张永和没有说话,他走到窗边,看着楼下举着“张代表加油”牌子的志愿者,指尖无意识地敲击着窗沿。桌上的手机还亮着,洛克菲勒的消息末尾加了一句“鹰国媒体已开始造势,选举委员会大概率会同意”。
他心里清楚,这不是“接不接招”的问题,如果他拒绝,李珉豪会立刻把他塑造成“不敢直面民意”的懦夫,舆论反噬只会更严重。
“不答应,我们失去的会更多。
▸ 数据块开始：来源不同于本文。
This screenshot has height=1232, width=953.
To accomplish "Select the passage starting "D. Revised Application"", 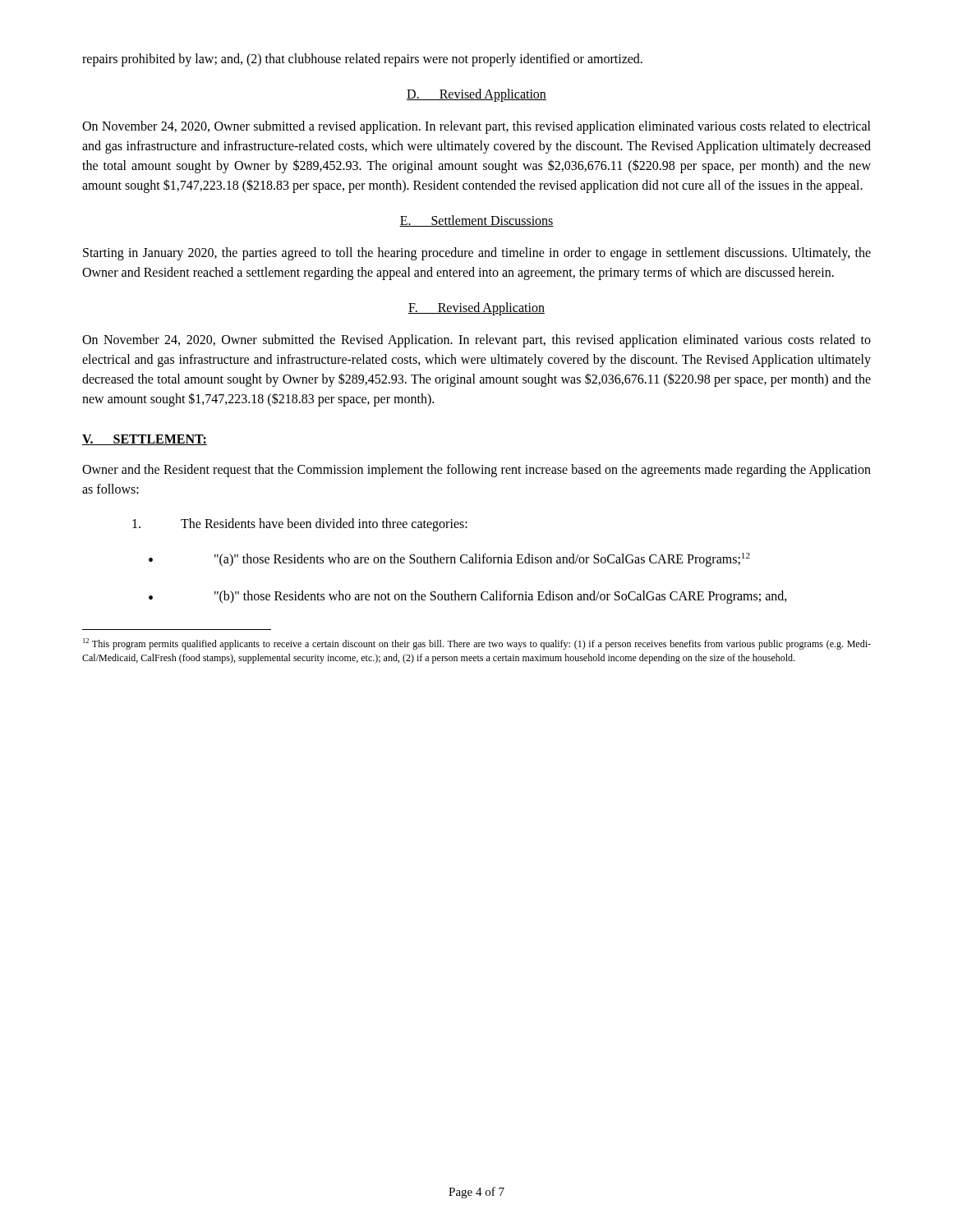I will coord(476,94).
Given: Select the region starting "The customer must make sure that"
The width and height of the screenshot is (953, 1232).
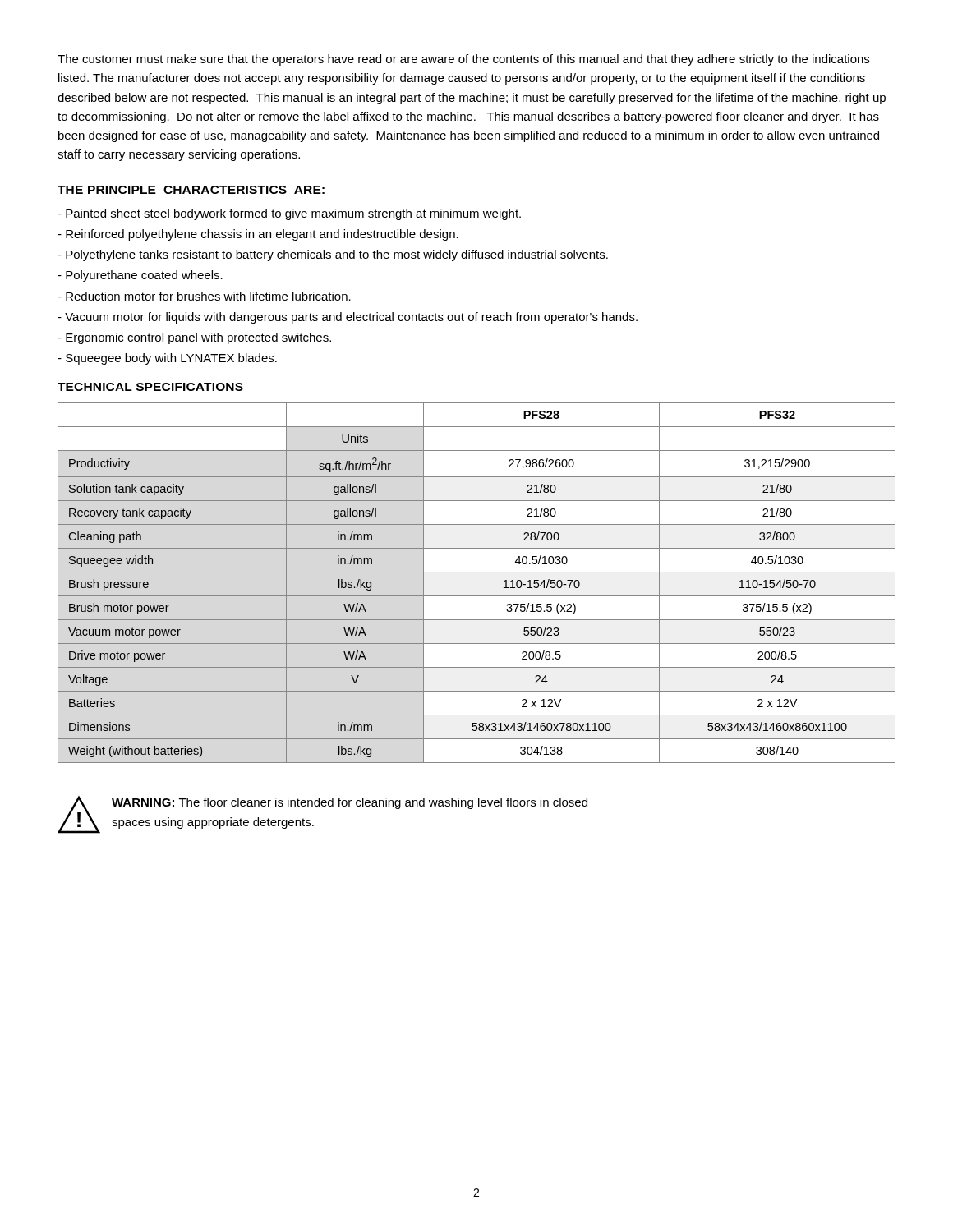Looking at the screenshot, I should click(x=472, y=106).
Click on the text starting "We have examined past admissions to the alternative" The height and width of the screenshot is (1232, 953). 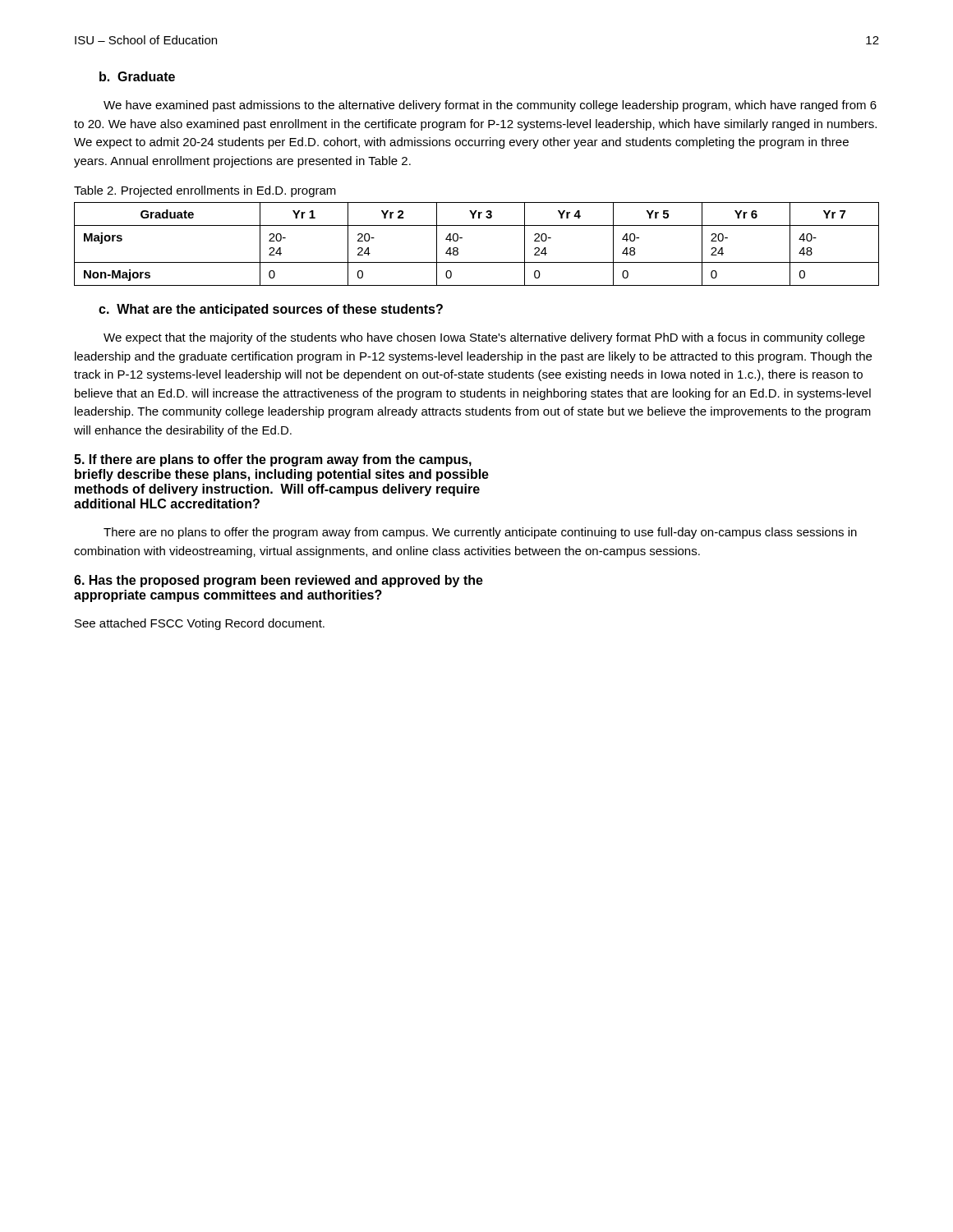click(x=476, y=132)

”张永和转身,眼神坚定,“李珉豪就是算准我们没准备好,才急着提前辩论。但他忘了,辩论场上比的不只是素材,还有民心。他和鹰国的利益输送、黑樱会的勾结,这些都是我们的武器。”
话音刚落,桌上的卫星电话突然响起,这是他与北国情报部门的专用线路,来电显示是“金”。
张永和立刻接起,声音放低:“金组长。”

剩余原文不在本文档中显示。